The above function works ok, but it really just reads through **all** of our messages and learns from that. What if we split the messages up, and it learned how **I** responded to things that other people say? 🤔 Let's try it!

In [473]:
msgs_them = person_msgs[person_msgs['is_sent'] == 0] # other person's messages are is_sent = 0
msgs_me = person_msgs[person_msgs['is_sent'] == 1] # my messages are is_sent = 1

# Normalize the texts using .lower():
msgs_them['text'] = msgs_them['text'].str.lower()
msgs_me['text'] = msgs_me['text'].str.lower()

# Split into sentence tokens (each text message is treated as one sentence):
sent_tokens_them = msgs_them['text'].to_list()
sent_tokens_me = msgs_me['text'].to_list()

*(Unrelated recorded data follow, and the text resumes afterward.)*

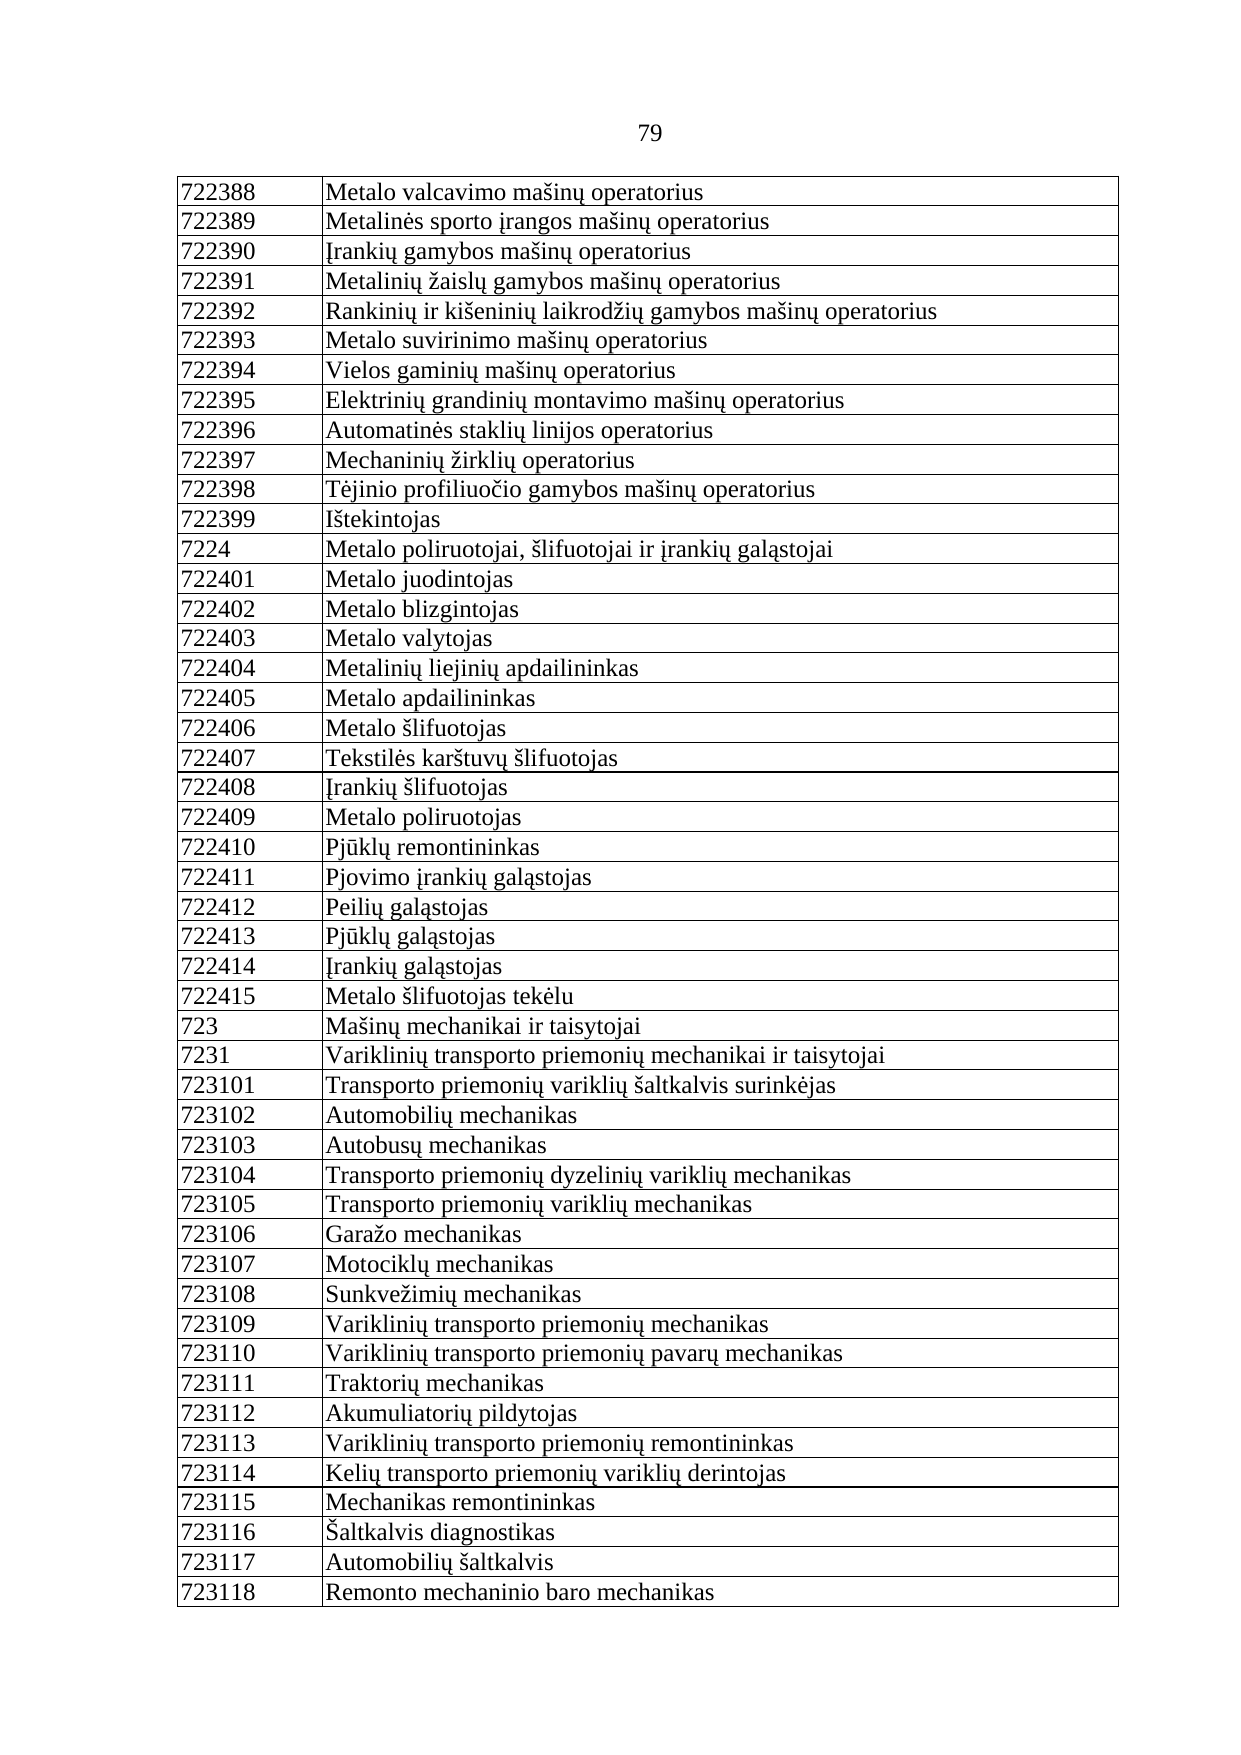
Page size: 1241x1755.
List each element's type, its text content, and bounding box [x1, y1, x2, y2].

table_cell Metalinių liejinių apdailininkas [323, 653, 1118, 682]
table_cell Remonto mechaninio baro mechanikas [323, 1577, 1118, 1606]
table_cell 723108 [178, 1279, 322, 1308]
table_cell Pjūklų remontininkas [323, 832, 1118, 861]
table_cell 723103 [178, 1130, 322, 1159]
table_cell 723105 [178, 1190, 322, 1218]
table_cell 722391 [178, 266, 322, 295]
table_cell 722405 [178, 683, 322, 712]
table_cell 722403 [178, 624, 322, 652]
table_cell Metalinių žaislų gamybos mašinų operatorius [323, 266, 1118, 295]
table_cell Metalo poliruotojai, šlifuotojai ir įrankių galąstojai [323, 534, 1118, 563]
table_cell Mašinų mechanikai ir taisytojai [323, 1011, 1118, 1039]
table_cell Metalo juodintojas [323, 564, 1118, 593]
table_cell Rankinių ir kišeninių laikrodžių gamybos mašinų operatorius [323, 296, 1118, 324]
table_cell 723102 [178, 1100, 322, 1129]
table_cell Vielos gaminių mašinų operatorius [323, 355, 1118, 384]
table_cell Ištekintojas [323, 504, 1118, 533]
table_cell Tekstilės karštuvų šlifuotojas [323, 743, 1118, 771]
table_cell 723111 [178, 1368, 322, 1397]
table_cell Transporto priemonių dyzelinių variklių mechanikas [323, 1160, 1118, 1188]
table_cell Transporto priemonių variklių mechanikas [323, 1190, 1118, 1218]
table_cell Pjovimo įrankių galąstojas [323, 862, 1118, 891]
table_cell 722410 [178, 832, 322, 861]
table_cell Metalinės sporto įrangos mašinų operatorius [323, 206, 1118, 235]
table_cell Metalo valcavimo mašinų operatorius [323, 177, 1118, 205]
table_cell 722414 [178, 951, 322, 980]
table_cell Transporto priemonių variklių šaltkalvis surinkėjas [323, 1070, 1118, 1099]
table_cell 722408 [178, 773, 322, 801]
table_cell Metalo šlifuotojas tekėlu [323, 981, 1118, 1010]
table_cell Šaltkalvis diagnostikas [323, 1517, 1118, 1546]
table_cell Kelių transporto priemonių variklių derintojas [323, 1458, 1118, 1486]
table_cell 722394 [178, 355, 322, 384]
table_cell 722388 [178, 177, 322, 205]
table_cell 723 [178, 1011, 322, 1039]
table_cell Automobilių mechanikas [323, 1100, 1118, 1129]
table_cell 723109 [178, 1309, 322, 1337]
table_cell 722411 [178, 862, 322, 891]
table_cell 723101 [178, 1070, 322, 1099]
table_cell 723117 [178, 1547, 322, 1576]
table_cell Metalo blizgintojas [323, 594, 1118, 622]
table_cell Įrankių galąstojas [323, 951, 1118, 980]
table_cell Automatinės staklių linijos operatorius [323, 415, 1118, 444]
table_cell Motociklų mechanikas [323, 1249, 1118, 1278]
table_cell Įrankių gamybos mašinų operatorius [323, 236, 1118, 265]
table_cell 723107 [178, 1249, 322, 1278]
table_cell Tėjinio profiliuočio gamybos mašinų operatorius [323, 475, 1118, 503]
table_cell 722401 [178, 564, 322, 593]
table_cell 723114 [178, 1458, 322, 1486]
table_cell 722393 [178, 326, 322, 354]
table_cell Elektrinių grandinių montavimo mašinų operatorius [323, 385, 1118, 414]
table_cell Akumuliatorių pildytojas [323, 1398, 1118, 1427]
table_cell 722392 [178, 296, 322, 324]
table_cell 7224 [178, 534, 322, 563]
table_cell Įrankių šlifuotojas [323, 773, 1118, 801]
table_cell 7231 [178, 1041, 322, 1069]
table_cell Sunkvežimių mechanikas [323, 1279, 1118, 1308]
table_cell Mechaninių žirklių operatorius [323, 445, 1118, 473]
table_cell Autobusų mechanikas [323, 1130, 1118, 1159]
table_cell Metalo valytojas [323, 624, 1118, 652]
table_cell Variklinių transporto priemonių mechanikas [323, 1309, 1118, 1337]
table_cell Traktorių mechanikas [323, 1368, 1118, 1397]
table_cell Mechanikas remontininkas [323, 1488, 1118, 1516]
table_cell 723113 [178, 1428, 322, 1457]
table_cell 722389 [178, 206, 322, 235]
table_cell 722412 [178, 892, 322, 920]
table_cell 722404 [178, 653, 322, 682]
table_cell 722390 [178, 236, 322, 265]
table_cell 722406 [178, 713, 322, 742]
table_cell Metalo suvirinimo mašinų operatorius [323, 326, 1118, 354]
table_cell Peilių galąstojas [323, 892, 1118, 920]
table_cell Metalo šlifuotojas [323, 713, 1118, 742]
table_cell 722409 [178, 802, 322, 831]
table_cell Variklinių transporto priemonių remontininkas [323, 1428, 1118, 1457]
table_cell 722413 [178, 921, 322, 950]
table_cell 723116 [178, 1517, 322, 1546]
table_cell 722397 [178, 445, 322, 473]
table_cell 722407 [178, 743, 322, 771]
table_cell 722415 [178, 981, 322, 1010]
table_cell Automobilių šaltkalvis [323, 1547, 1118, 1576]
table_cell 723104 [178, 1160, 322, 1188]
table_cell Metalo apdailininkas [323, 683, 1118, 712]
table_cell Pjūklų galąstojas [323, 921, 1118, 950]
table_cell 723110 [178, 1339, 322, 1367]
table_cell 722396 [178, 415, 322, 444]
table_cell 723106 [178, 1219, 322, 1248]
table_cell Garažo mechanikas [323, 1219, 1118, 1248]
table_cell 722402 [178, 594, 322, 622]
table_cell Variklinių transporto priemonių pavarų mechanikas [323, 1339, 1118, 1367]
table_cell 722398 [178, 475, 322, 503]
table_cell 722399 [178, 504, 322, 533]
table_cell 723118 [178, 1577, 322, 1606]
table_cell 723112 [178, 1398, 322, 1427]
table_cell Metalo poliruotojas [323, 802, 1118, 831]
table_cell 723115 [178, 1488, 322, 1516]
table_cell Variklinių transporto priemonių mechanikai ir taisytojai [323, 1041, 1118, 1069]
table_cell 722395 [178, 385, 322, 414]

# Put into new-line seperated lists:
raw_them = '.\n'.join(sent_tokens_them)
raw_me = '.\n'.join(sent_tokens_me)

# Take out each word and make their own list:
word_tokens_them = nltk.word_tokenize(raw_them)# converts to list of words
word_tokens_me = nltk.word_tokenize(raw_me)# converts to list of words

# Exact same lemmatizer code as above:
lemmer = nltk.stem.WordNetLemmatizer()

def LemTokens(tokens):
    return [lemmer.lemmatize(token) for token in tokens]

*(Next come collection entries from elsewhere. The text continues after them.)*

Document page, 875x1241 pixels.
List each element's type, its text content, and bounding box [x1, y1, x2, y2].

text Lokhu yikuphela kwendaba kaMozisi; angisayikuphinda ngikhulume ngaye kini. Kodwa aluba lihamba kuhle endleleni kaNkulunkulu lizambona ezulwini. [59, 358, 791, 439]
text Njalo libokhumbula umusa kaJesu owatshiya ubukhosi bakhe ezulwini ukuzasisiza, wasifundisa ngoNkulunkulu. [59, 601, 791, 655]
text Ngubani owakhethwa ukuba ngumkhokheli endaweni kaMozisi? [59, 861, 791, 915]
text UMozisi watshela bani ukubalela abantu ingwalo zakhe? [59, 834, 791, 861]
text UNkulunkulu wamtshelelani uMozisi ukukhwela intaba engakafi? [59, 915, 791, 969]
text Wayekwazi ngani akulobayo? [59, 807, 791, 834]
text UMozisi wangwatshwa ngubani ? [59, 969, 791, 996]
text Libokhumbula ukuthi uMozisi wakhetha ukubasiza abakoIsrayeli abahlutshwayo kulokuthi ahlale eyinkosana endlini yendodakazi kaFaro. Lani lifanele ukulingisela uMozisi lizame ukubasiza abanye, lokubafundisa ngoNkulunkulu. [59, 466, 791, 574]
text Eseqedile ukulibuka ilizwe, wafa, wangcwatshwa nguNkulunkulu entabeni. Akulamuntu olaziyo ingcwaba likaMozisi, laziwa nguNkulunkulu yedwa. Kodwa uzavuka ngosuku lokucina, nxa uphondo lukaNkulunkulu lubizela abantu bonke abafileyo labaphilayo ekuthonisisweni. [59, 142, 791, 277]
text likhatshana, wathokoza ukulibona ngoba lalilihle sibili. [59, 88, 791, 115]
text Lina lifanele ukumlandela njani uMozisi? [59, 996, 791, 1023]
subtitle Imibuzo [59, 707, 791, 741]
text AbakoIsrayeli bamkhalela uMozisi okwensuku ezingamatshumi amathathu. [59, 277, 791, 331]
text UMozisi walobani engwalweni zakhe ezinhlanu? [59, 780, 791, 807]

remove_punct_dict = dict((ord(punct), None) for punct in string.punctuation)

def LemNormalize(text):
    return LemTokens(nltk.word_tokenize(text.lower().translate(remove_punct_dict)))

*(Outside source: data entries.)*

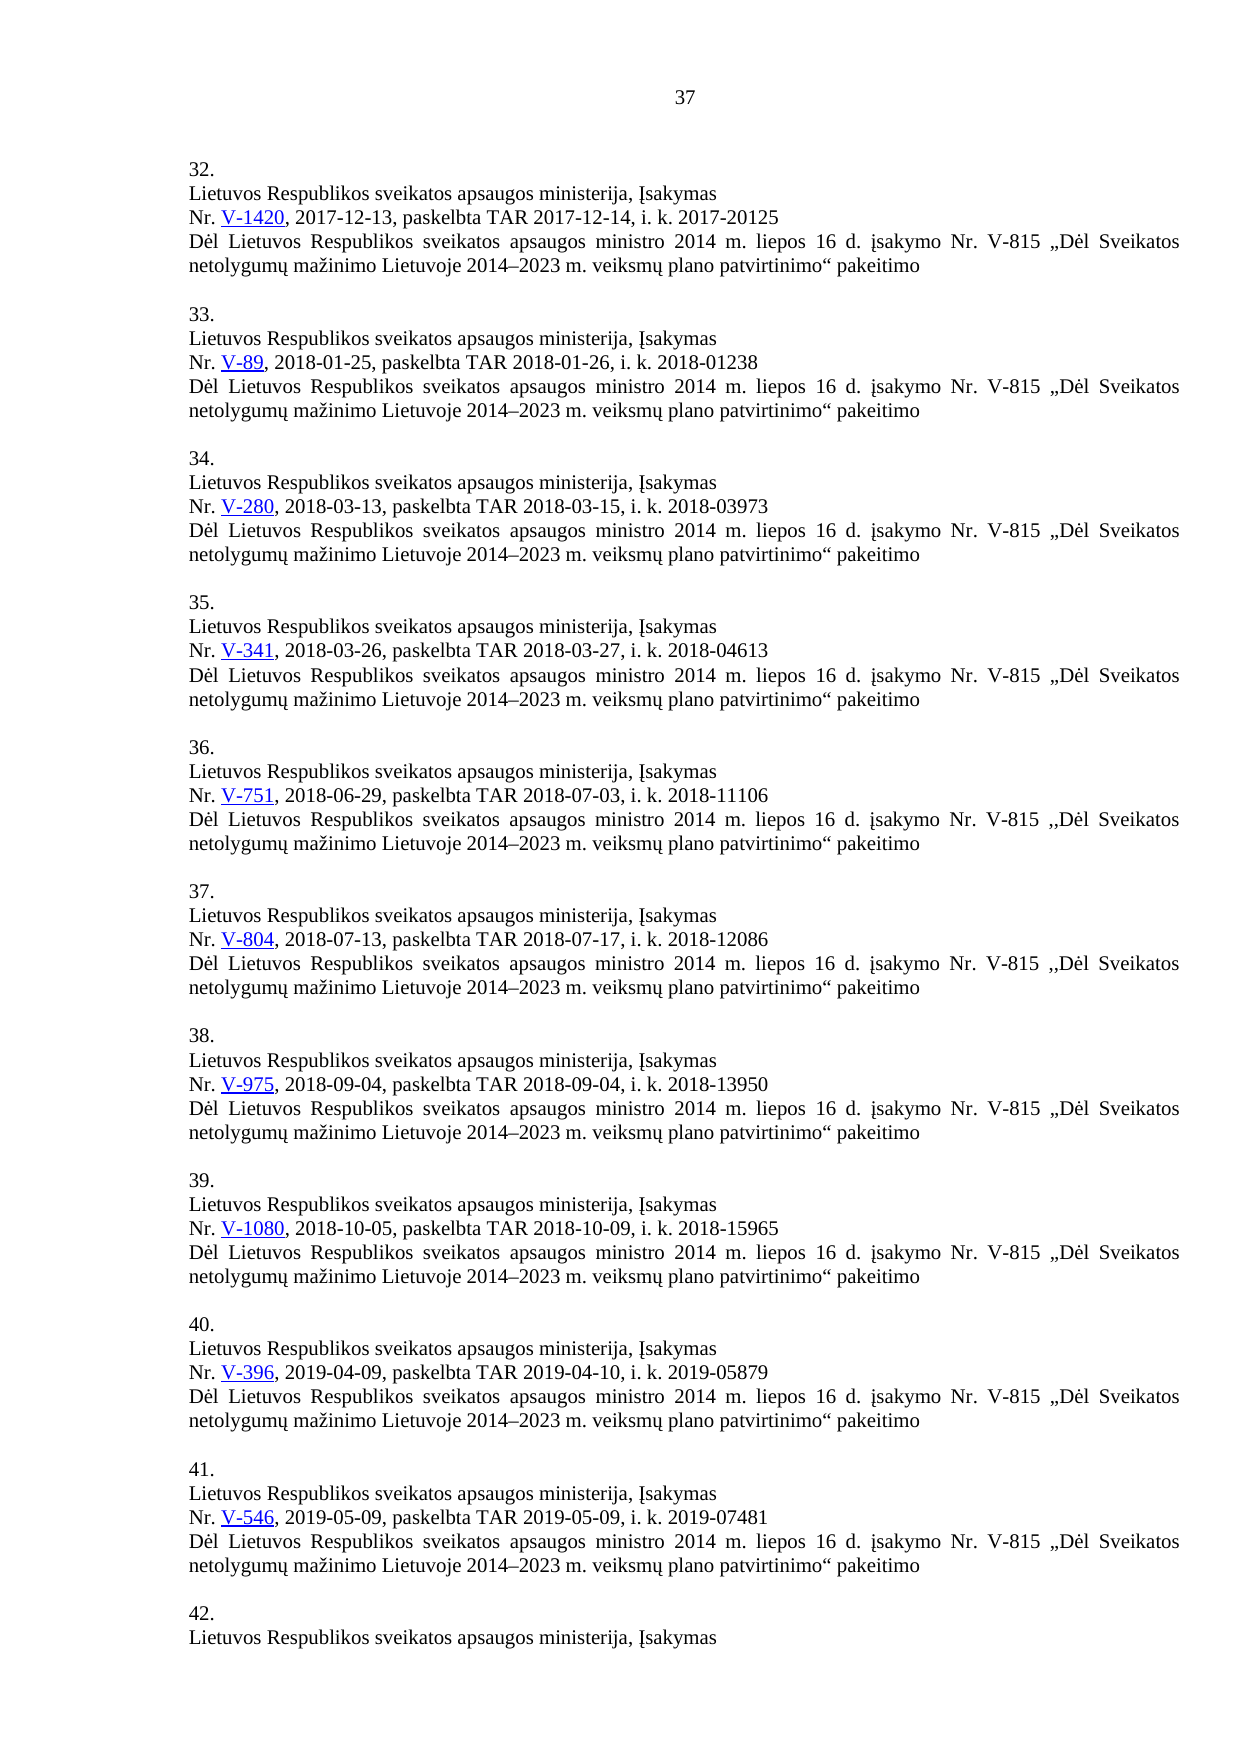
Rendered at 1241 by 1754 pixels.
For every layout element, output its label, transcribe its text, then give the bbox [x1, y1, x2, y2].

text Lietuvos Respublikos sveikatos apsaugos ministerija, Įsakymas [188, 1481, 1181, 1505]
text 35. [188, 590, 1181, 614]
text Lietuvos Respublikos sveikatos apsaugos ministerija, Įsakymas [188, 1336, 1181, 1360]
text Nr. V-751, 2018-06-29, paskelbta TAR 2018-07-03, i. k. 2018-11106 [188, 783, 1181, 807]
text Nr. V-1420, 2017-12-13, paskelbta TAR 2017-12-14, i. k. 2017-20125 [188, 205, 1181, 229]
text 34. [188, 446, 1181, 470]
text 42. [188, 1601, 1181, 1625]
text 38. [188, 1023, 1181, 1047]
text Lietuvos Respublikos sveikatos apsaugos ministerija, Įsakymas [188, 1192, 1181, 1216]
text Dėl Lietuvos Respublikos sveikatos apsaugos ministro 2014 m. liepos 16 d. įsakymo Nr. V-815 „Dėl Sveikatos netolygumų mažinimo Lietuvoje 2014–2023 m. veiksmų plano patvirtinimo“ pakeitimo [188, 374, 1181, 422]
text 36. [188, 735, 1181, 759]
text Nr. V-396, 2019-04-09, paskelbta TAR 2019-04-10, i. k. 2019-05879 [188, 1360, 1181, 1384]
text Nr. V-975, 2018-09-04, paskelbta TAR 2018-09-04, i. k. 2018-13950 [188, 1072, 1181, 1096]
text Dėl Lietuvos Respublikos sveikatos apsaugos ministro 2014 m. liepos 16 d. įsakymo Nr. V-815 „Dėl Sveikatos netolygumų mažinimo Lietuvoje 2014–2023 m. veiksmų plano patvirtinimo“ pakeitimo [188, 518, 1181, 566]
text Lietuvos Respublikos sveikatos apsaugos ministerija, Įsakymas [188, 326, 1181, 350]
text Dėl Lietuvos Respublikos sveikatos apsaugos ministro 2014 m. liepos 16 d. įsakymo Nr. V-815 „Dėl Sveikatos netolygumų mažinimo Lietuvoje 2014–2023 m. veiksmų plano patvirtinimo“ pakeitimo [188, 1529, 1181, 1577]
text 41. [188, 1457, 1181, 1481]
text 37. [188, 879, 1181, 903]
text Nr. V-804, 2018-07-13, paskelbta TAR 2018-07-17, i. k. 2018-12086 [188, 927, 1181, 951]
text Lietuvos Respublikos sveikatos apsaugos ministerija, Įsakymas [188, 1047, 1181, 1072]
text 39. [188, 1168, 1181, 1192]
text Lietuvos Respublikos sveikatos apsaugos ministerija, Įsakymas [188, 903, 1181, 927]
text Lietuvos Respublikos sveikatos apsaugos ministerija, Įsakymas [188, 759, 1181, 783]
text Nr. V-341, 2018-03-26, paskelbta TAR 2018-03-27, i. k. 2018-04613 [188, 638, 1181, 662]
text Lietuvos Respublikos sveikatos apsaugos ministerija, Įsakymas [188, 181, 1181, 205]
text Lietuvos Respublikos sveikatos apsaugos ministerija, Įsakymas [188, 614, 1181, 638]
text 40. [188, 1312, 1181, 1336]
text Nr. V-89, 2018-01-25, paskelbta TAR 2018-01-26, i. k. 2018-01238 [188, 350, 1181, 374]
text Dėl Lietuvos Respublikos sveikatos apsaugos ministro 2014 m. liepos 16 d. įsakymo Nr. V-815 ,,Dėl Sveikatos netolygumų mažinimo Lietuvoje 2014–2023 m. veiksmų plano patvirtinimo“ pakeitimo [188, 807, 1181, 855]
text Dėl Lietuvos Respublikos sveikatos apsaugos ministro 2014 m. liepos 16 d. įsakymo Nr. V-815 „Dėl Sveikatos netolygumų mažinimo Lietuvoje 2014–2023 m. veiksmų plano patvirtinimo“ pakeitimo [188, 1384, 1181, 1432]
text Nr. V-280, 2018-03-13, paskelbta TAR 2018-03-15, i. k. 2018-03973 [188, 494, 1181, 518]
text 32. [188, 157, 1181, 181]
text Dėl Lietuvos Respublikos sveikatos apsaugos ministro 2014 m. liepos 16 d. įsakymo Nr. V-815 „Dėl Sveikatos netolygumų mažinimo Lietuvoje 2014–2023 m. veiksmų plano patvirtinimo“ pakeitimo [188, 662, 1181, 711]
text Dėl Lietuvos Respublikos sveikatos apsaugos ministro 2014 m. liepos 16 d. įsakymo Nr. V-815 ,,Dėl Sveikatos netolygumų mažinimo Lietuvoje 2014–2023 m. veiksmų plano patvirtinimo“ pakeitimo [188, 951, 1181, 999]
text Lietuvos Respublikos sveikatos apsaugos ministerija, Įsakymas [188, 470, 1181, 494]
text Nr. V-1080, 2018-10-05, paskelbta TAR 2018-10-09, i. k. 2018-15965 [188, 1216, 1181, 1240]
text Nr. V-546, 2019-05-09, paskelbta TAR 2019-05-09, i. k. 2019-07481 [188, 1505, 1181, 1529]
text 33. [188, 302, 1181, 326]
text Dėl Lietuvos Respublikos sveikatos apsaugos ministro 2014 m. liepos 16 d. įsakymo Nr. V-815 „Dėl Sveikatos netolygumų mažinimo Lietuvoje 2014–2023 m. veiksmų plano patvirtinimo“ pakeitimo [188, 1096, 1181, 1144]
text Lietuvos Respublikos sveikatos apsaugos ministerija, Įsakymas [188, 1625, 1181, 1649]
text Dėl Lietuvos Respublikos sveikatos apsaugos ministro 2014 m. liepos 16 d. įsakymo Nr. V-815 „Dėl Sveikatos netolygumų mažinimo Lietuvoje 2014–2023 m. veiksmų plano patvirtinimo“ pakeitimo [188, 229, 1181, 277]
text Dėl Lietuvos Respublikos sveikatos apsaugos ministro 2014 m. liepos 16 d. įsakymo Nr. V-815 „Dėl Sveikatos netolygumų mažinimo Lietuvoje 2014–2023 m. veiksmų plano patvirtinimo“ pakeitimo [188, 1240, 1181, 1288]

So now we have the messages of each person stored in different dataframes. We'll use NLTK to find the closest vectors between the other person's message and all the messages that they have previously sent. We will then find when that message was sent, and find how I responded to it. We will then respond with how I have previously responded.

In [474]:
def response_v2(user_response):
    nlp_response=''
    sent_tokens_them.append(user_response)
    
    # Same TFIDF code as above
    TfidfVec = TfidfVectorizer(tokenizer=LemNormalize, stop_words='english')
    tfidf = TfidfVec.fit_transform(sent_tokens_them)
    vals = cosine_similarity(tfidf[-1], tfidf)
    
    idx = vals.argsort()[0][-2]
    
    sentdate = msgs_them.iloc[idx]['message_date'] # Now that we have the index of their closest message, find when it was sent
    
    # Find the message that I used to respond to that text, and return it:
    messages_after = msgs_me[msgs_me['message_date'] >= sentdate]
    my_response = messages_after.iloc[0]['text']
    
    flat = vals.flatten() # flatten the 2D list to a 1D list
    flat.sort() # sort the list
    
    req_tfidf = flat[-2]
    
    if(req_tfidf == 0):
        nlp_response = nlp_response + "Wtf?"
        return nlp_response
    else:
        return my_response

In [None]:
while(True):
    user_response = input()
    user_response=user_response.lower() #set it all to lower case

    print("NLP:", response_v2(user_response))
    sent_tokens_them.remove(user_response)

what's up?
NLP: what's the order
huh?
NLP: yes it was
hahah ok
NLP: oh yeah totally! leaving right now
where are you going?
NLP: yes i am super hyped
hahah ok
NLP: oh yeah totally! leaving right now


And there you have it! We took in our corpus, pre-processed it, split it into two different corpuses (one for me and one for the other person), built the vectors, and created an interface for it. I'm excited to take this even further!